Early removal of central venous catheter in patients with candidemia does not improve outcome: analysis of 842 patients from 2 randomized clinical trials.

BACKGROUND: Patients with candidemia frequently have a central venous catheter (CVC) in place, and its early removal is considered the standard of care. METHODS: We performed a subgroup analysis of 2 phase III, multicenter, double-blind, randomized, controlled trials of candidemia to examine the effects of early CVC removal (within 24 or 48 h after treatment initiation) on the outcomes of 842 patients with candidemia. Inclusion criteria were candidemia, age >16 years, CVC at diagnosis, and receipt of 1 dose of the study drug. Six outcomes were evaluated: treatment success, rates of persistent and recurrent candidemia, time to mycological eradication, and survival at 28 and 42 days. Univariate and multivariate analyses were performed, controlling for potential confounders. RESULTS: In univariate analysis, early CVC removal did not improve time to mycological eradication or rates of persistent or recurrent candidemia but was associated with better treatment success and survival. These benefits were lost in multivariate analysis, which failed to show any beneficial effect of early CVC removal on all 6 outcomes and identified Acute Physiology and Chronic Health Evaluation II score, older age, and persistent neutropenia as the most significant variables. Our findings were consistent across all outcomes and time points (removal within 24 or 48 h and survival at 28 and 42 days). The median time to eradication of candidemia was similar between the 2 study groups. CONCLUSIONS: In this cohort of 842 adults with candidemia followed up prospectively, early CVC removal was not associated with any clinical benefit. These findings suggest an evidence-based re-evaluation of current treatment recommendations.

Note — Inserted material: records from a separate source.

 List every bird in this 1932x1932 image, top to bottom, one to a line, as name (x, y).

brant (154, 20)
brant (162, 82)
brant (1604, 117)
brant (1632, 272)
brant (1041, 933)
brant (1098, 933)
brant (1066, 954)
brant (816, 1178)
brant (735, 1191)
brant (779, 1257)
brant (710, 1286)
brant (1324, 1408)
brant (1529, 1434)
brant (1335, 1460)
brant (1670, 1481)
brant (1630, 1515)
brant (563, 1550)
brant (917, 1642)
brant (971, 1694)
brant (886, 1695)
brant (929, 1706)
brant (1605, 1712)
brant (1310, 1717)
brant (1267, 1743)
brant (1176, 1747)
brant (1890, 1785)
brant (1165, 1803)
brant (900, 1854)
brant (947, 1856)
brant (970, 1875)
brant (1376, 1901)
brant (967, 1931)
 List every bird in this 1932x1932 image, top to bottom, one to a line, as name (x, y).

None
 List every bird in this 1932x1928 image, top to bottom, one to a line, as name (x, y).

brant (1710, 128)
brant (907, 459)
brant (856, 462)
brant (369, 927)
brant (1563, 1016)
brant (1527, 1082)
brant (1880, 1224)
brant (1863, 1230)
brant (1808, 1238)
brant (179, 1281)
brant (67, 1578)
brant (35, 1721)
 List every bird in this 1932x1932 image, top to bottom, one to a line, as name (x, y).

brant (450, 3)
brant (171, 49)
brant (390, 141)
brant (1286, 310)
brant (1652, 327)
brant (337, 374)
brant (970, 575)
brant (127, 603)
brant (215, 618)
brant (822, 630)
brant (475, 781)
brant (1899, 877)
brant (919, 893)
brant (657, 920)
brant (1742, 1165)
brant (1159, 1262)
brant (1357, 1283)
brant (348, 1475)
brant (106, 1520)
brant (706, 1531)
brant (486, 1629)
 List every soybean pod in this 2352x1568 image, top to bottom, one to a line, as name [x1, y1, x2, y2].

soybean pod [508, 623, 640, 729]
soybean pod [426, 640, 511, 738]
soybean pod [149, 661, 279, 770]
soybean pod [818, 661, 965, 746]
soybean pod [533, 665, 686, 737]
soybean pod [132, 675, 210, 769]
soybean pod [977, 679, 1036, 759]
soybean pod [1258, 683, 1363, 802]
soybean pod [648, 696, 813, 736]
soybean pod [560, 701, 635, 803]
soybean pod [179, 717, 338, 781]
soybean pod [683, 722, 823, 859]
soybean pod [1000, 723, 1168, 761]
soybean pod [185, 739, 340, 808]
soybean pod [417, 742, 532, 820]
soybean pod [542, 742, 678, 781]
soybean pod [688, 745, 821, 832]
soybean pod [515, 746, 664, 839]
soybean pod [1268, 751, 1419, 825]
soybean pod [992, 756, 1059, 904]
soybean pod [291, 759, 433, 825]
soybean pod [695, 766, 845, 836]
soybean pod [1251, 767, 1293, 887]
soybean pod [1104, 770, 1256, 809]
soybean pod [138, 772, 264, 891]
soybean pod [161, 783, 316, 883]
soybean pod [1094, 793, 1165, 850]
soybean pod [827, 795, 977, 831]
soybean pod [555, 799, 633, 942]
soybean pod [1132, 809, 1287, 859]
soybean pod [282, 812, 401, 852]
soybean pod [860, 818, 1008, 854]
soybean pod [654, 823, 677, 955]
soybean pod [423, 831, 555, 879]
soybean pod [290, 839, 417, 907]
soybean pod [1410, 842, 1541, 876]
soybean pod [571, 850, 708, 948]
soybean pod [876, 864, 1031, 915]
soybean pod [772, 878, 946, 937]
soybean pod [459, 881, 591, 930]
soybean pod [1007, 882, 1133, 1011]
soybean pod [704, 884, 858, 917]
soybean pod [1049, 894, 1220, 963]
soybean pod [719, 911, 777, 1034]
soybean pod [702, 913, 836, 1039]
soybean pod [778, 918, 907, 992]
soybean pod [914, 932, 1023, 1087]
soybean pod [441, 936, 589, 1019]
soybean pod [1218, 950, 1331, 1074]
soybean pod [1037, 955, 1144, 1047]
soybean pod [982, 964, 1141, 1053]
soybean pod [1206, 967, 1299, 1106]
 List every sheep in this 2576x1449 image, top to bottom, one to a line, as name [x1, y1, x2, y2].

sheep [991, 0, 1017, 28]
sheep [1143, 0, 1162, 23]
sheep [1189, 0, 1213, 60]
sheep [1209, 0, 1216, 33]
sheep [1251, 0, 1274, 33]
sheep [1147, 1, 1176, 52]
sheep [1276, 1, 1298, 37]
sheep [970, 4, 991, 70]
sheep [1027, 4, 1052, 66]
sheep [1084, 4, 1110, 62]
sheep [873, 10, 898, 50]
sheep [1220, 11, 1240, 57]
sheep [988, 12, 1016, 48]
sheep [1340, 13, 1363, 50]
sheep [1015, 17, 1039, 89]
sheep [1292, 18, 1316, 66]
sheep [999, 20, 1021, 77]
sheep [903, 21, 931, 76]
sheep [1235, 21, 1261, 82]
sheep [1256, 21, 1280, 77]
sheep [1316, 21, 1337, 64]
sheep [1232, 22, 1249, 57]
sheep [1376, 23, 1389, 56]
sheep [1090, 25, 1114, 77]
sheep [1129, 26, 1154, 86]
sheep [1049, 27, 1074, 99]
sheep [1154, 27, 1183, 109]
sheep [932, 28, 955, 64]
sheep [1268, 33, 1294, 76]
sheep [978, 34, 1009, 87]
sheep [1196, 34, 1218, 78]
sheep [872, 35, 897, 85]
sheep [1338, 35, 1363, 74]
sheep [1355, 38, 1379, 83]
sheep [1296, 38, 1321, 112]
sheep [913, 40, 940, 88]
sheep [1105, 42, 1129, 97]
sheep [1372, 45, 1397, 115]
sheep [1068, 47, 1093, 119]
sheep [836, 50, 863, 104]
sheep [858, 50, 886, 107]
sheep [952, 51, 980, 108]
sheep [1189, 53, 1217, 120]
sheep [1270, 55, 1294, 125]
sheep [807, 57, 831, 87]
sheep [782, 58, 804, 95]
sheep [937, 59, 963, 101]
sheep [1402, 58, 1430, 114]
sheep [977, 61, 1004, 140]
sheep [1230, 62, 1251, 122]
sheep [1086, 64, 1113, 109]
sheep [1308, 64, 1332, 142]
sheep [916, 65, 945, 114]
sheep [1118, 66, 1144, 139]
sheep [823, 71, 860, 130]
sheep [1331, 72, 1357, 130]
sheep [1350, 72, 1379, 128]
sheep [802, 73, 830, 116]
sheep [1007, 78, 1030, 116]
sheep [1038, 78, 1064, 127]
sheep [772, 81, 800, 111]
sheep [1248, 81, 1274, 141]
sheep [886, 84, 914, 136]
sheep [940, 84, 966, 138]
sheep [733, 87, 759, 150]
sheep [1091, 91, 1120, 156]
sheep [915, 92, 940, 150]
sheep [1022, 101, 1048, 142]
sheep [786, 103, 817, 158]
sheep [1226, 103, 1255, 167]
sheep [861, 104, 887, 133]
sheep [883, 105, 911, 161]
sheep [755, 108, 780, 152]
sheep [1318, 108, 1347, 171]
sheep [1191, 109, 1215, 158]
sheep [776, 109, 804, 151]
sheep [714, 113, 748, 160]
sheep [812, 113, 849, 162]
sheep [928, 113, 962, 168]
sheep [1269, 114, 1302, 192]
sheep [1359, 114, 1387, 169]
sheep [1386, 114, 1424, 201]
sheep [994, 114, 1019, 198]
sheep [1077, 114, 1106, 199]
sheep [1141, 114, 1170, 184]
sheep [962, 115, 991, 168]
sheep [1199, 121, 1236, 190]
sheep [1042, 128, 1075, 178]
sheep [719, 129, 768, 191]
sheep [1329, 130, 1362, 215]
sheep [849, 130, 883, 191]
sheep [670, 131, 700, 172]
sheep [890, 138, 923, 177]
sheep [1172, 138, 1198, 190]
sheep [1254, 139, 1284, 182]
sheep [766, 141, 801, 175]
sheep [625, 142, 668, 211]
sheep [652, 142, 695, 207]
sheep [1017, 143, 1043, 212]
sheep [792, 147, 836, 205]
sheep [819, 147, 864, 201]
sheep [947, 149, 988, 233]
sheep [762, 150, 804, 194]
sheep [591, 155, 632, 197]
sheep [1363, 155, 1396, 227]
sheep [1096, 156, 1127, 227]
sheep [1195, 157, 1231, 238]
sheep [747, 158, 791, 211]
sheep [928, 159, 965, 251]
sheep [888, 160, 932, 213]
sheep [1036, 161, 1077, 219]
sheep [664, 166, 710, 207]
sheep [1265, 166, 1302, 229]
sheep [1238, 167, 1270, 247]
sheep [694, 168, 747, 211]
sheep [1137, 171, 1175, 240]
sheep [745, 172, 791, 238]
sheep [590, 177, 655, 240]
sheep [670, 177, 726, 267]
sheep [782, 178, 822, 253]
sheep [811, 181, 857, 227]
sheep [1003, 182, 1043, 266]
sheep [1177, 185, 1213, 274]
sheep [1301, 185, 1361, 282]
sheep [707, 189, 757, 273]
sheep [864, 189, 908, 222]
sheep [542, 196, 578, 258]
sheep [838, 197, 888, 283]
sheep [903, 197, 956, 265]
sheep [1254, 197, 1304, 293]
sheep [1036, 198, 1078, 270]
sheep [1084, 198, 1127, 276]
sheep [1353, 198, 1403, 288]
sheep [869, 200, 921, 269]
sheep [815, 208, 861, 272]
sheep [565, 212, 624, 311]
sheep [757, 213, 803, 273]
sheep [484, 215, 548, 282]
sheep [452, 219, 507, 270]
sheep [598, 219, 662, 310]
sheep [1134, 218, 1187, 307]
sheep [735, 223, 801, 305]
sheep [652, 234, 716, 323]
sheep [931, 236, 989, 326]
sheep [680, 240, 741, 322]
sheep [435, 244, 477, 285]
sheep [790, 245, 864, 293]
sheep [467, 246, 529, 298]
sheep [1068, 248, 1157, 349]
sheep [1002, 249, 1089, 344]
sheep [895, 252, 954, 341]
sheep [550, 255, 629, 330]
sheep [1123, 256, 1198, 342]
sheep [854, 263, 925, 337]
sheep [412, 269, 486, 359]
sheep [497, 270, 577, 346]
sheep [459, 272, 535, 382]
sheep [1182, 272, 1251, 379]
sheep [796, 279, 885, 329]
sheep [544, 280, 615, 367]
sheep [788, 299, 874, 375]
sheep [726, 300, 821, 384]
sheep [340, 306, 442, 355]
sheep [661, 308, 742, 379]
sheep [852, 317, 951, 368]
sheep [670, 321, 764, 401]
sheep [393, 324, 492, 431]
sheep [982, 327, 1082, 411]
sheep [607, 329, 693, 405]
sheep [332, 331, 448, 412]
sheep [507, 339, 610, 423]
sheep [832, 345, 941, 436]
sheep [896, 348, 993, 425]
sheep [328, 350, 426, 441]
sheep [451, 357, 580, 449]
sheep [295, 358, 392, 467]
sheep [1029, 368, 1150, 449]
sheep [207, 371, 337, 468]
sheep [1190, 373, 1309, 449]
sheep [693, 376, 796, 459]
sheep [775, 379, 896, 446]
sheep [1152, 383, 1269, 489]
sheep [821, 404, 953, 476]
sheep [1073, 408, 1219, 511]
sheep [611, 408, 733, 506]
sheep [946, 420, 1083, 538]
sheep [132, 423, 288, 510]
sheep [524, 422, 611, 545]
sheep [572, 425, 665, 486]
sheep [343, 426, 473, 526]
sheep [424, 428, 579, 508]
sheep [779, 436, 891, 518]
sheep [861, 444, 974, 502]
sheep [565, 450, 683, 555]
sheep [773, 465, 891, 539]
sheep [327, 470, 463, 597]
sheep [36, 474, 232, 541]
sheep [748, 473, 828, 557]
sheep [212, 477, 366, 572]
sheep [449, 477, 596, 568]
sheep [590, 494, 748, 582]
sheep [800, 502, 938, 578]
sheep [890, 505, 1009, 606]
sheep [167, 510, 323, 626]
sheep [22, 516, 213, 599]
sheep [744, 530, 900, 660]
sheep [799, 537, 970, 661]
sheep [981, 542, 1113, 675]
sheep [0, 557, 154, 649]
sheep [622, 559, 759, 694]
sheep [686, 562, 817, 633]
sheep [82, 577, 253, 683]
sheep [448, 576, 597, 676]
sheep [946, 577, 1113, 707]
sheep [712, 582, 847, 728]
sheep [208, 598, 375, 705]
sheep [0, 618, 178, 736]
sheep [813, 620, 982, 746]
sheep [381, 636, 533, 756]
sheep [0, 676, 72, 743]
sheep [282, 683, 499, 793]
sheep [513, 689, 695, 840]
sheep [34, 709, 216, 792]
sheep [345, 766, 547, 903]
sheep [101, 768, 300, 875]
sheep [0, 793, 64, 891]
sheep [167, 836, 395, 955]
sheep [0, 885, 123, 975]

Micafungin versus caspofungin for treatment of candidemia and other forms of invasive candidiasis.

BACKGROUND: Invasive candidiasis is an important cause of morbidity and mortality among patients with health care-associated infection. The echinocandins have potent fungicidal activity against most Candida species, but there are few data comparing the safety and efficacy of echinocandins in the treatment of invasive candidiasis. METHODS: This was an international, randomized, double-blind trial comparing micafungin (100 mg daily) and micafungin (150 mg daily) with a standard dosage of caspofungin (70 mg followed by 50 mg daily) in adults with candidemia and other forms of invasive candidiasis. The primary end point was treatment success, defined as clinical and mycological success at the end of blinded intravenous therapy. RESULTS: A total of 595 patients were randomized to one the treatment groups and received at least 1 dose of study drug. In the modified intent-to-treat population, 191 patients were assigned to the micafungin 100 mg group, 199 to the micafungin 150 mg group, and 188 to the caspofungin group. Demographic characteristics and underlying disorders were comparable across the groups. Approximately 85% of patients had candidemia; the remainder had noncandidemic invasive candidiasis. At the end of blinded intravenous therapy, treatment was considered successful for 76.4% of patients in the micafungin 100 mg group, 71.4% in the micafungin 150 mg group, and 72.3% in the caspofungin group. The median time to culture negativity was 2 days in the micafungin 100 mg group and the caspofungin group, compared with 3 days in the micafungin 150 mg groups. There were no significant differences in mortality, relapsing and emergent infections, or adverse events between the study arms. CONCLUSIONS: Dosages of micafungin 100 mg daily and 150 mg daily were noninferior to a standard dosage of caspofungin for the treatment of candidemia and other forms of invasive candidiasis.